Maldives Tour 2012 – Day 4: Lily Beach

Lily Beach tour 3

Just right.

That was the best compliment a family friend, Elmer Rising, had for a meal or anything he enjoyed. As an artist, he had a deep appreciation for getting things ‘just right’. For a meal, it was not over the top (like some Thanksgiving feasts), nor conversely lacking in anything. That is the phrase that came to mind visiting Lily Beach.

One of the great attractions to Lily Beach is its Luxury All Inclusive offer – the Platinnum Plan. The plan includes everything you can imagine outside of special excursions (eg. motorised sports, diving) and special meals (eg. lobster dinners in the Wave restaurant). The plan even provides cigarettes which I’d not come across before.

Not only is the plan an attractive value, it also changes the whole ambience of the property. That is because it is the only plan they offer and everyone is on it. As a result, staying at Lily is more like staying at some rich friend’s paradise estate than it is like consuming a holiday package. No signing for things constantly. No class/category dividing arm bands. Never hearing the question ‘What room, sir?’

A few years ago Lily underwent a refurb to take it from 4 to 5 star status. It ticks all the boxes to the Maldives Complete special ‘5 Star’ checklist. Smart food, rooms, service throughout. One of the key qualities I look for in resorts attesting to 5-star status is shortfalls. If you are going to be a true ‘5 star’, then you really shouldn’t have any ‘holes in your game’. And Lily Beach was solid throughout with a few special touches of distinction thrown in.

The house reef is more like 6 stars. A mere 3 metres from the shoreline it is closely accessible to the beach from one entire side of the island. It has a quite deep drop-off (about 20 metres), but the drama comes with the coral. All sorts of shapes, sizes and colours of vibrant and healthy coral are packed onto the reef. Sprinkled with endless colourful schools of fish. Lily would definitely be a candidate for ‘Best House Reef Coral’. An amibitious distinction, but Lily is worthy of candidacy.

Tip 1: Family Beach Villa – Lily offers several Family Bech Villas with interconnected rooms. Not unique in itelf in the Maldives, but still rare enough to be appreciated by family visitors. Lily have been extra smart to kit out the two rooms with one having double bed and the other having twin (so siblings don’t have to share a bed that might cause friction not welcome on a holiday).
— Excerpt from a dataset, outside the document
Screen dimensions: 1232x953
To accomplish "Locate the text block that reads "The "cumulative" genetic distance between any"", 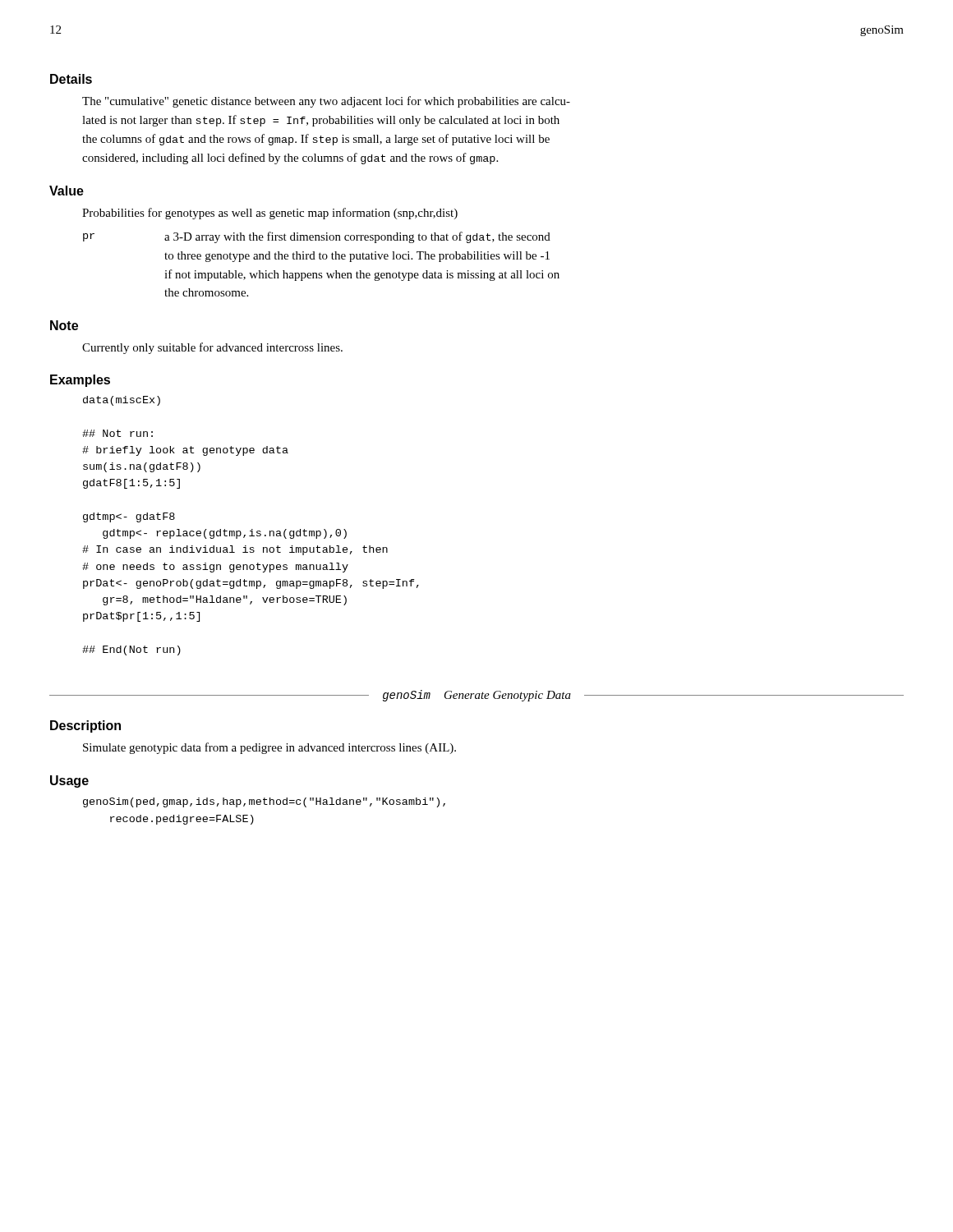I will point(326,130).

Tip 2: ‘Beach Suite’ – One of their Beach Villas (#300) is actually a ‘Beach Suite’ with a living room added. There is no extra charge and can be requested on an availability basis.

In addition to the ‘Luxury All Inclusive’ distinction, I have now identified a further 11 Best of the Maldives candidates to research and share in the coming months.

Just right.

Maldives Tour 2012 – Day 3: Paradise Island / The Haven

Paradise Island - tour post

Just a literal (or should I saw ‘littoral’) stone’s throw away, we proceed onto Paradise Island / The Haven.

We’ve have been very close to visiting Paradise (the resort, not the notion) several other times before. A few years back when the family was seeking out a more value-for-money place, it made the short-list. And subsequent North Male visits took us to Manta Point for diving which is just off Paradise’s house reef.

Paradise pioneered the concept of the split personality island. Where a newer part of the island, typically water villas, are developed to a significantly higher standard than the rest of the resort. Often an entire ‘star’ difference (eg. 4-star and 5-star). Now over half a dozen resorts have this sort of ‘split’ set up. Often the adjacent properties have completely distinct branding, logistics, service, etc. This trend was just one reason the contributed to the development of Room Type database to provide people with more granular information on possible destinations. Just a profile on a resort as a whole doesn’t really tell the whole story of what’s on offer.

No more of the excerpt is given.